If you know C, you will know that...
- "long" is not a type
- Assigning a char* to another char* will not copy the string, it will copy the reference.
- fopen() is not descriptive enough on Windows - you can get all sorts of errors on Windows, it's best to use the API with GetLastError().
- if() executes for anything but 0, and a faster way of checking if(x==NULL) or if(x==0) is simply if(!x).
- There are easy ways to make a program compile on Windows, Linux, Mac, for Unicode or ASCII, using windows or command-line interface, all with the same source.
- You can do anything from C if you know how. You can even access .NET if you know how.

DawnRyder
August 18th, 2009, 01:33 PM
That still doesn't explain why the word 'tutorial' is used in the title, regardless whether or not I program in C/C++.

This 'TUTORIAL' is showing 'C/C++ PROGRAMMERS' how to access certain offsets an obtain bit variables.
Like 'OFFSETS'.

Jeeze...

And BTW, listen to score_under he's good.

colcolstyles
August 18th, 2009, 06:38 PM
Since the filename is never read before being changed through scanf, why zero the array at all?
Good programming practice?
Yes, technically it isn't necessary to initialize the array but if interdpth ever writes a program where he does need to zero out an array, he might run into some problems. Here, it's not needed but hey, it can't hurt, can it?

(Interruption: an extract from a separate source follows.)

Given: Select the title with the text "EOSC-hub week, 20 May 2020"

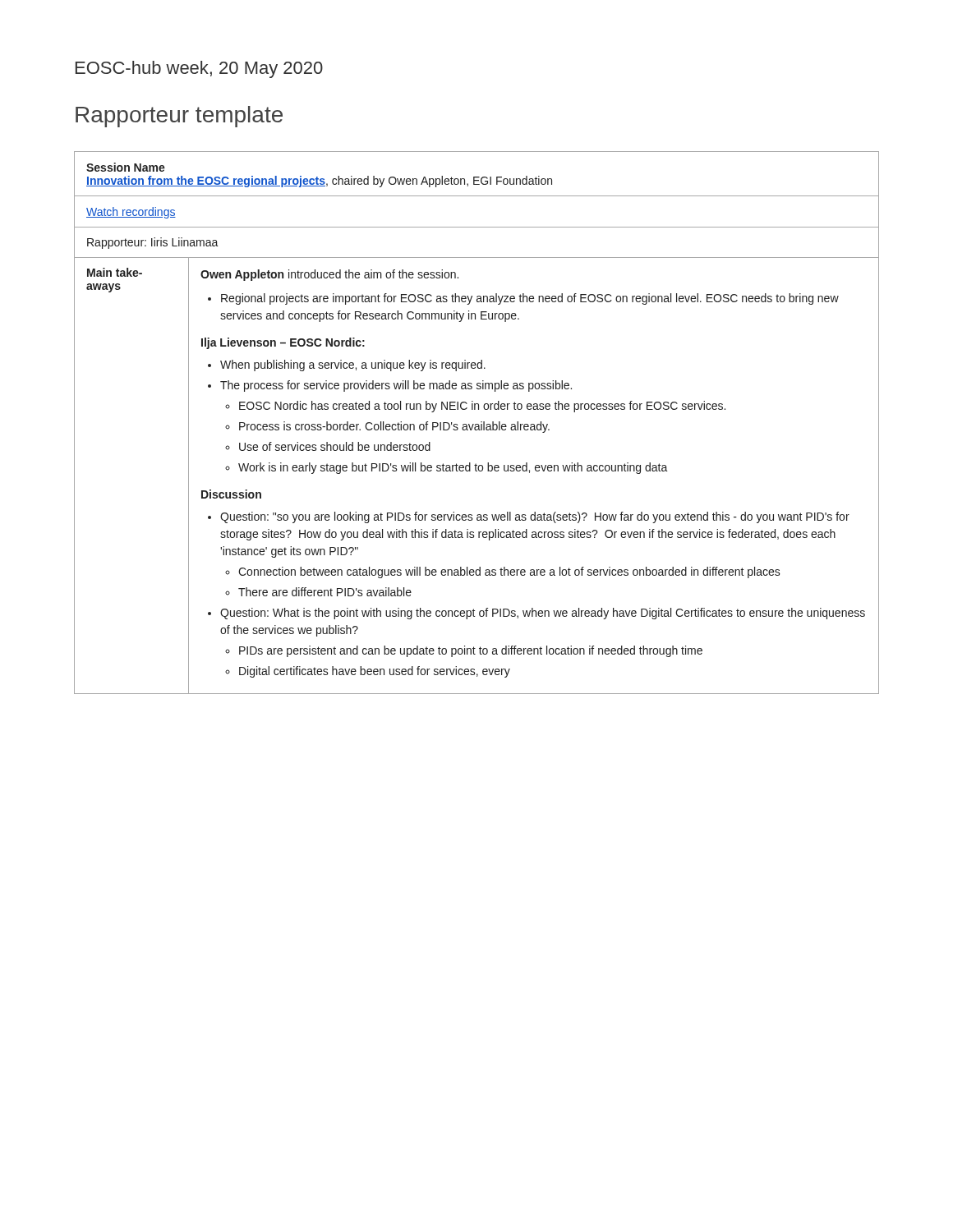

Anyways, I would just like to say that, for what it's worth, this tutorial helped me out quite a bit. I've been able to familiarize myself with some of the basic C commands (which, unfortunately, were not covered (as you can probably imagine) in my C++ class) and with that knowledge, I was able to write a simple command line utility that edits ROM headers. Thanks to interdpth for the tutorial and IIMarckus for clarifying a few things for me.

OM3GA Umbr30n
January 11th, 2010, 06:24 PM
If you done understand you dont need to know and seeing me here you are thinking,
1. Why revive an old topic?
to give help
2.What is a noob doing here?
:P well im not so noobish now as i have decided to learn C++ i actually understand alot of this and as i said if you dont understand you dont need to,
this i a tutorial for the masses of people that use C++ on the basic code for a Commandline/Console Application for Hacking,
I cant wait for the basic GUI version.
Also out of curiosity what compiler do you use?

Umbreonic Aura
June 8th, 2010, 04:07 PM
Is the basic windows application ever going to happen?